The aim is not merely to rent processors to foreign companies. It is to allow Armenian researchers, startups and enterprises to build more advanced products of their own, moving the country further up the technology value chain, from exporting technical labour to operating the infrastructure on which global AI products depend.

The regional dimension is equally important. Abovyan sees Eleveight not as an isolated Armenian facility, but as the foundation of a broader computing network.

“We want to serve the region, share expertise and build lasting technological partnerships with neighbouring countries,” he said. “Georgia is naturally part of that vision.”

For Georgian startups, universities, financial institutions and public agencies, access to advanced computing capacity in neighbouring Armenia could create opportunities to develop and operate sophisticated AI systems closer to home. For Eleveight, Georgia could become a customer, a technology partner and a bridge toward wider markets across Europe, Central Asia and the Middle East.

Asked whether the company intended to expand beyond Armenia, Abovyan was unequivocal.

“Of course. Regional expansion is part of the plan.”

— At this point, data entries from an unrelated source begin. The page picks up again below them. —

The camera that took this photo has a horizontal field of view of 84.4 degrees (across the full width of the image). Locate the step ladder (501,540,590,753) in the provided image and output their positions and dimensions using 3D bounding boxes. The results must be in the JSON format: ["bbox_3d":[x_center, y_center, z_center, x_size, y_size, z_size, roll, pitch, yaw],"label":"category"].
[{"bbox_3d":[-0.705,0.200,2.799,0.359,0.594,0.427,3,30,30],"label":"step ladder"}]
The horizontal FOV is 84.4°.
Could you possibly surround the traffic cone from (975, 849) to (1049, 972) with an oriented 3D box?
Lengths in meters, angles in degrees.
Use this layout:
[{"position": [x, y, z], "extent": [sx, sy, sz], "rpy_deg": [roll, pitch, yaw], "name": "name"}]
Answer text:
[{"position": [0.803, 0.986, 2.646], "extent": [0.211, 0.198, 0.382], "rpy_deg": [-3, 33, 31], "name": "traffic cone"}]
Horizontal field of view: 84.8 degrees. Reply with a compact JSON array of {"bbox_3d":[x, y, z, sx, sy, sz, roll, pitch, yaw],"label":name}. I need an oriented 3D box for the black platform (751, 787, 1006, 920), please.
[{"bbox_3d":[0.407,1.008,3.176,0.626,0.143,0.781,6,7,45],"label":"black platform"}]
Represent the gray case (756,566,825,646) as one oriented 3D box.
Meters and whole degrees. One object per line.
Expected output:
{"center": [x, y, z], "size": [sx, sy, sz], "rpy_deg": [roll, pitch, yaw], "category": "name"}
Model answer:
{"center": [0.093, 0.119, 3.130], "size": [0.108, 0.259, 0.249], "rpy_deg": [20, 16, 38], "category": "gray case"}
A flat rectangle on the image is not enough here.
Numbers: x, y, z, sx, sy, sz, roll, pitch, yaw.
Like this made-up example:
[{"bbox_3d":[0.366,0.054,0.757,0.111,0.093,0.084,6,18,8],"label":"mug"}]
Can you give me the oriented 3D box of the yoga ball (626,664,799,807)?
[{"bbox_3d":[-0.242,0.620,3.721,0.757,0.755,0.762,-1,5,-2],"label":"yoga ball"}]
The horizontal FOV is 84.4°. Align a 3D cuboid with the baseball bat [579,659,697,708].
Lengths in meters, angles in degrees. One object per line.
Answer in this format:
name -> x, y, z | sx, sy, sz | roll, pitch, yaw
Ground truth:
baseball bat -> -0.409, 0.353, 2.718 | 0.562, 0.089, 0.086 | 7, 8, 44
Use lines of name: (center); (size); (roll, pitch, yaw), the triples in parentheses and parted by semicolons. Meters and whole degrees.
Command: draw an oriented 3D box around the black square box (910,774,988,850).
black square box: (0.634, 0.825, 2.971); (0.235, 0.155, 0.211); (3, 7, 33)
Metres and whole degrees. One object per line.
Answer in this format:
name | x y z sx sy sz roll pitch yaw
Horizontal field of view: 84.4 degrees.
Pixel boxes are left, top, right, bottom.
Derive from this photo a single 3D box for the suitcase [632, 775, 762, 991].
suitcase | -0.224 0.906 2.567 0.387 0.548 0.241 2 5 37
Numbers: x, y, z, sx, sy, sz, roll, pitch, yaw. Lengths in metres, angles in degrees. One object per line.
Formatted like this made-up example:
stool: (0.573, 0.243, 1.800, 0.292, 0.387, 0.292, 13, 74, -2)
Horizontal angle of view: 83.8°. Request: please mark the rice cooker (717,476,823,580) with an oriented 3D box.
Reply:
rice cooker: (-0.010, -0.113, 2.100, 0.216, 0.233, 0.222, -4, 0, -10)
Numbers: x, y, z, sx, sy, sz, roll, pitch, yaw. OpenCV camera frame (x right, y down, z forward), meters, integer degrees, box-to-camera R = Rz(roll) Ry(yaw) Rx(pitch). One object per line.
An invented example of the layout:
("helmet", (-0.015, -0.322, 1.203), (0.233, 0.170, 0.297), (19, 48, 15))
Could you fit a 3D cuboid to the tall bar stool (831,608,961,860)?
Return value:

The significance of the Gagarin facility is therefore not simply that Armenia has acquired some of the world’s most advanced processors. It is that the country is attempting to build an industry around what those processors can produce: research, products, partnerships and billions of AI tokens delivered beyond its borders.

In a settlement named after the first human to travel into space, Armenia is making its own bid for the next technological frontier. It may not manufacture the chips at the centre of the AI revolution. But it intends to become one of the places where they are put to work.